“La storia di una
città è scritta, innanzitutto, nelle tracce visibili e “monumentali” del suo
passato remoto, anche nell’ultimo e glorioso capitello d’età romana, murato, per
caso e da secoli, come semplice elemento di sostegno, in una decrepita muraglia
che cinge oggi un giardino appassito per sempre, o in quello strano animale
rampante, di pietra, che sostiene, ignaro, l’angolo di una casetta, ormai
collabente, costruita qualche secolo dopo la sua nascita e collocata
originariamente nella facciata di qualche chiesetta romana ormai sparita nel
buio delle distruzioni
Mutano le città non solo per eventi, come si dice, di forza maggiore, ma anche
perché ogni generazione ha i suoi guastatori imperterriti, dalla Roma
medioevale, ad esempio, all’Urbe mussoliniana, che pur non è priva di pregi -
nel senso opposto delle più moderne impostazioni urbanistiche e della
“costruzione”- dall’Avellino distrutta, nel 1440, da Alfonso d’Aragona, all’

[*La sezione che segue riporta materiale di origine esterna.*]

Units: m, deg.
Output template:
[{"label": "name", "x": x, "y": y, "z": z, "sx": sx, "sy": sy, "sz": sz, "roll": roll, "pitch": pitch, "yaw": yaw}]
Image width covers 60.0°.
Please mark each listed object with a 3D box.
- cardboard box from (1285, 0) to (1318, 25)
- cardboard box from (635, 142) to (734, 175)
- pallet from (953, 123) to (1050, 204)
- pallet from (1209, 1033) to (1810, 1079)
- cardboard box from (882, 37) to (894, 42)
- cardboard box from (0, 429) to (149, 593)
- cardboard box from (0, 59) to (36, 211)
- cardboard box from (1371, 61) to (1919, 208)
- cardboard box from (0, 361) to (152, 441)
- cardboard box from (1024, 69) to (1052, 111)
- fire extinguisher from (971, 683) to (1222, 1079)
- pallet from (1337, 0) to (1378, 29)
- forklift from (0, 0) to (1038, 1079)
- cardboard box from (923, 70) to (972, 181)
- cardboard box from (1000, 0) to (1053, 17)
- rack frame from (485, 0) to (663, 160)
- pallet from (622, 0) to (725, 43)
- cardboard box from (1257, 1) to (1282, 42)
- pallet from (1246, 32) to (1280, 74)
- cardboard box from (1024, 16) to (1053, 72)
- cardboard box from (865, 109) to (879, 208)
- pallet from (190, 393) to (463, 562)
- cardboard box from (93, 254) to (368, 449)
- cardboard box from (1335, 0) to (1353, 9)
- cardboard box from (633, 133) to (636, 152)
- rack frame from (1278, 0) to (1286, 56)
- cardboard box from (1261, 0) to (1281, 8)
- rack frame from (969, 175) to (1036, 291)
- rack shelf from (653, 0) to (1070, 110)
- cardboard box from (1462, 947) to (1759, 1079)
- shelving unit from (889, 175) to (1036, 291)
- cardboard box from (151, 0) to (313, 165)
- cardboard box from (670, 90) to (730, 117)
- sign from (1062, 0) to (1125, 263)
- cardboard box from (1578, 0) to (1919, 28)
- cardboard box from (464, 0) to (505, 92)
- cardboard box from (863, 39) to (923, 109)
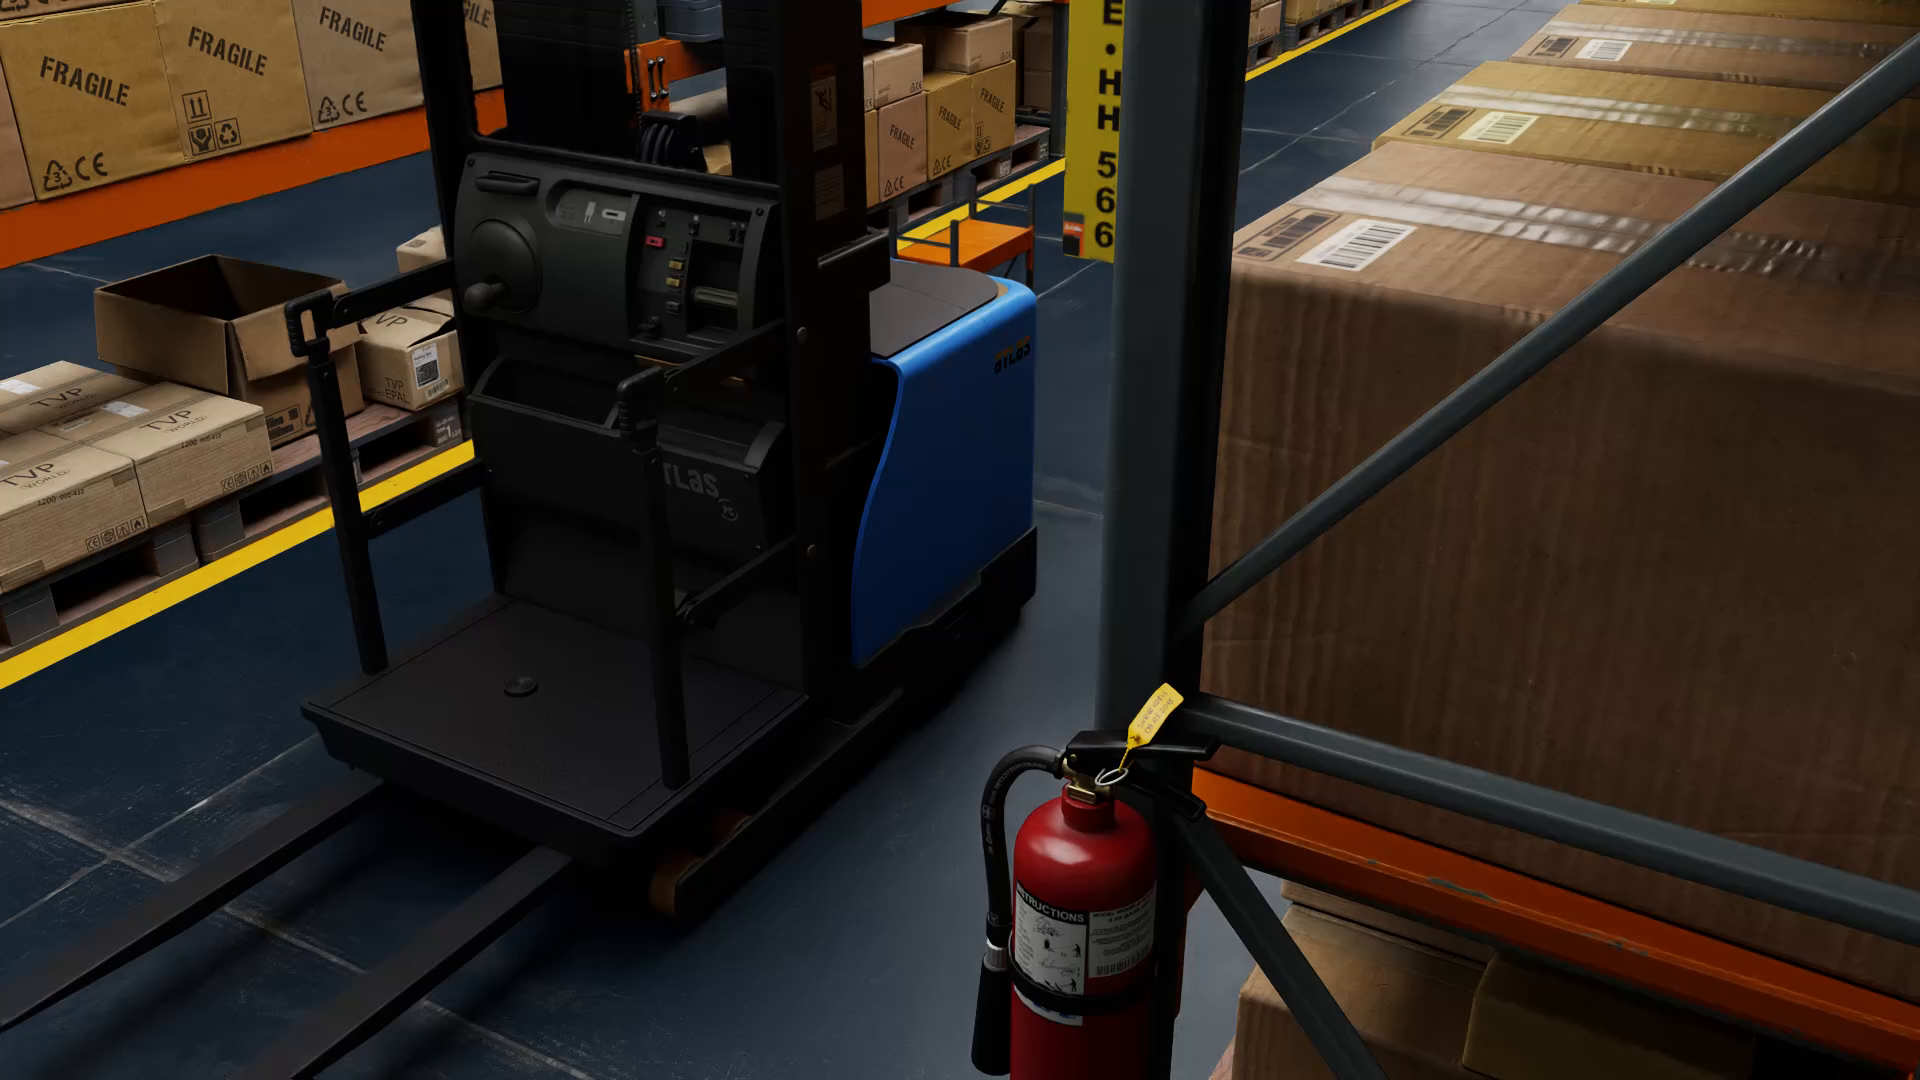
[{"label": "cardboard box", "x": 2.704, "y": -4.539, "z": 14.069, "sx": 0.500, "sy": 0.250, "sz": 0.500, "roll": 14, "pitch": 30, "yaw": 26}, {"label": "cardboard box", "x": -1.274, "y": -1.563, "z": 7.822, "sx": 0.500, "sy": 0.500, "sz": 0.500, "roll": 13, "pitch": 29, "yaw": 24}, {"label": "pallet", "x": -0.156, "y": -2.378, "z": 10.265, "sx": 1.003, "sy": 0.211, "sz": 1.213, "roll": 14, "pitch": 30, "yaw": 26}, {"label": "pallet", "x": 0.948, "y": 1.217, "z": 3.082, "sx": 1.003, "sy": 0.211, "sz": 1.213, "roll": 14, "pitch": 30, "yaw": 26}, {"label": "cardboard box", "x": -0.229, "y": -2.872, "z": 10.438, "sx": 0.500, "sy": 0.500, "sz": 0.500, "roll": 16, "pitch": 31, "yaw": 28}, {"label": "cardboard box", "x": -2.931, "y": -0.102, "z": 5.182, "sx": 0.500, "sy": 0.250, "sz": 0.500, "roll": 14, "pitch": 30, "yaw": 26}, {"label": "cardboard box", "x": -2.995, "y": -1.152, "z": 4.589, "sx": 0.500, "sy": 0.500, "sz": 0.500, "roll": 14, "pitch": 30, "yaw": 26}, {"label": "cardboard box", "x": 1.213, "y": -0.322, "z": 2.707, "sx": 0.980, "sy": 0.700, "sz": 0.700, "roll": 14, "pitch": 30, "yaw": 26}, {"label": "cardboard box", "x": -3.145, "y": -0.387, "z": 5.753, "sx": 0.500, "sy": 0.250, "sz": 0.500, "roll": 14, "pitch": 30, "yaw": 26}, {"label": "cardboard box", "x": 0.757, "y": -3.006, "z": 11.006, "sx": 0.500, "sy": 0.250, "sz": 0.500, "roll": 14, "pitch": 30, "yaw": 26}, {"label": "fire extinguisher", "x": 0.147, "y": 0.458, "z": 1.988, "sx": 0.296, "sy": 0.674, "sz": 0.183, "roll": 14, "pitch": 30, "yaw": 26}, {"label": "pallet", "x": 3.238, "y": -4.998, "z": 15.498, "sx": 1.003, "sy": 0.211, "sz": 1.213, "roll": 14, "pitch": 30, "yaw": 26}, {"label": "forklift", "x": -0.942, "y": -0.643, "z": 3.760, "sx": 1.130, "sy": 2.935, "sz": 3.031, "roll": 15, "pitch": 30, "yaw": 27}, {"label": "cardboard box", "x": -0.267, "y": -2.369, "z": 9.433, "sx": 0.500, "sy": 0.500, "sz": 0.500, "roll": 13, "pitch": 29, "yaw": 24}, {"label": "cardboard box", "x": 0.537, "y": -3.579, "z": 11.525, "sx": 0.500, "sy": 0.311, "sz": 0.500, "roll": 14, "pitch": 30, "yaw": 25}, {"label": "rack frame", "x": -1.724, "y": -2.349, "z": 7.092, "sx": 1.000, "sy": 3.000, "sz": 0.127, "roll": 14, "pitch": 30, "yaw": 26}, {"label": "pallet", "x": -1.236, "y": -2.551, "z": 7.709, "sx": 1.003, "sy": 0.211, "sz": 1.213, "roll": 14, "pitch": 30, "yaw": 26}, {"label": "cardboard box", "x": 2.260, "y": -4.200, "z": 13.391, "sx": 0.500, "sy": 0.250, "sz": 0.500, "roll": 14, "pitch": 30, "yaw": 26}, {"label": "pallet", "x": 1.883, "y": -3.924, "z": 13.353, "sx": 1.003, "sy": 0.211, "sz": 1.213, "roll": 14, "pitch": 30, "yaw": 26}, {"label": "cardboard box", "x": 0.757, "y": -3.256, "z": 10.880, "sx": 0.500, "sy": 0.311, "sz": 0.500, "roll": 15, "pitch": 30, "yaw": 28}, {"label": "cardboard box", "x": -0.769, "y": -1.966, "z": 8.628, "sx": 0.500, "sy": 0.500, "sz": 0.500, "roll": 15, "pitch": 30, "yaw": 27}, {"label": "pallet", "x": -2.662, "y": -0.357, "z": 6.228, "sx": 1.003, "sy": 0.211, "sz": 1.213, "roll": 14, "pitch": 30, "yaw": 26}, {"label": "cardboard box", "x": -2.644, "y": -0.696, "z": 6.087, "sx": 0.797, "sy": 0.503, "sz": 0.637, "roll": 14, "pitch": 30, "yaw": 26}, {"label": "cardboard box", "x": 3.205, "y": -4.927, "z": 14.843, "sx": 0.500, "sy": 0.250, "sz": 0.500, "roll": 14, "pitch": 30, "yaw": 26}, {"label": "cardboard box", "x": -1.731, "y": -1.683, "z": 8.063, "sx": 0.500, "sy": 0.500, "sz": 0.500, "roll": 14, "pitch": 30, "yaw": 26}, {"label": "rack frame", "x": 2.212, "y": -5.467, "z": 13.320, "sx": 1.000, "sy": 3.000, "sz": 0.127, "roll": 14, "pitch": 30, "yaw": 26}, {"label": "cardboard box", "x": 2.262, "y": -4.455, "z": 13.275, "sx": 0.500, "sy": 0.311, "sz": 0.500, "roll": 14, "pitch": 30, "yaw": 26}, {"label": "rack frame", "x": 0.137, "y": -0.636, "z": 5.680, "sx": 0.240, "sy": 1.200, "sz": 0.015, "roll": 15, "pitch": 30, "yaw": 27}, {"label": "rack shelf", "x": -0.740, "y": -2.807, "z": 8.810, "sx": 1.077, "sy": 0.370, "sz": 4.000, "roll": 14, "pitch": 30, "yaw": 26}, {"label": "cardboard box", "x": 0.993, "y": 0.737, "z": 2.525, "sx": 0.380, "sy": 0.149, "sz": 0.250, "roll": 14, "pitch": 30, "yaw": 26}, {"label": "shelving unit", "x": 0.013, "y": -0.542, "z": 5.492, "sx": 0.258, "sy": 1.200, "sz": 0.503, "roll": 15, "pitch": 30, "yaw": 27}, {"label": "cardboard box", "x": -2.498, "y": -1.541, "z": 5.367, "sx": 0.500, "sy": 0.500, "sz": 0.500, "roll": 15, "pitch": 30, "yaw": 27}, {"label": "cardboard box", "x": -1.233, "y": -2.070, "z": 8.834, "sx": 0.500, "sy": 0.500, "sz": 0.500, "roll": 15, "pitch": 30, "yaw": 27}, {"label": "sign", "x": 0.157, "y": -0.449, "z": 1.739, "sx": 0.100, "sy": 0.325, "sz": 0.005, "roll": 14, "pitch": 30, "yaw": 26}, {"label": "cardboard box", "x": 1.946, "y": -0.903, "z": 3.867, "sx": 0.980, "sy": 0.700, "sz": 0.700, "roll": 13, "pitch": 30, "yaw": 25}, {"label": "cardboard box", "x": -1.999, "y": -1.941, "z": 6.165, "sx": 0.500, "sy": 0.500, "sz": 0.500, "roll": 15, "pitch": 30, "yaw": 28}, {"label": "cardboard box", "x": -0.536, "y": -2.484, "z": 8.824, "sx": 0.500, "sy": 0.250, "sz": 0.500, "roll": 14, "pitch": 30, "yaw": 25}]

Avellino dei demolitori, schizofrenici e incontrollati dei nostri anni’30-’40, a
Piazza Libertà, fino alla scomparsa nel nulla, nell’immediato dopoguerra, del
celeberrimo “Puntillo”, porta antichissima di passaggio tra via Costantinopoli e
la collina dei Cappucini e, insieme, “ponte” di collegamento, nella parte
superiore, tra il Castello e la zona del Duomo e, ai nostri giorni, della
famosissima Villa Capozzi, già degli Imbimbo, punto d’incontro politico e
cenacolo letterario per oltre due secoli.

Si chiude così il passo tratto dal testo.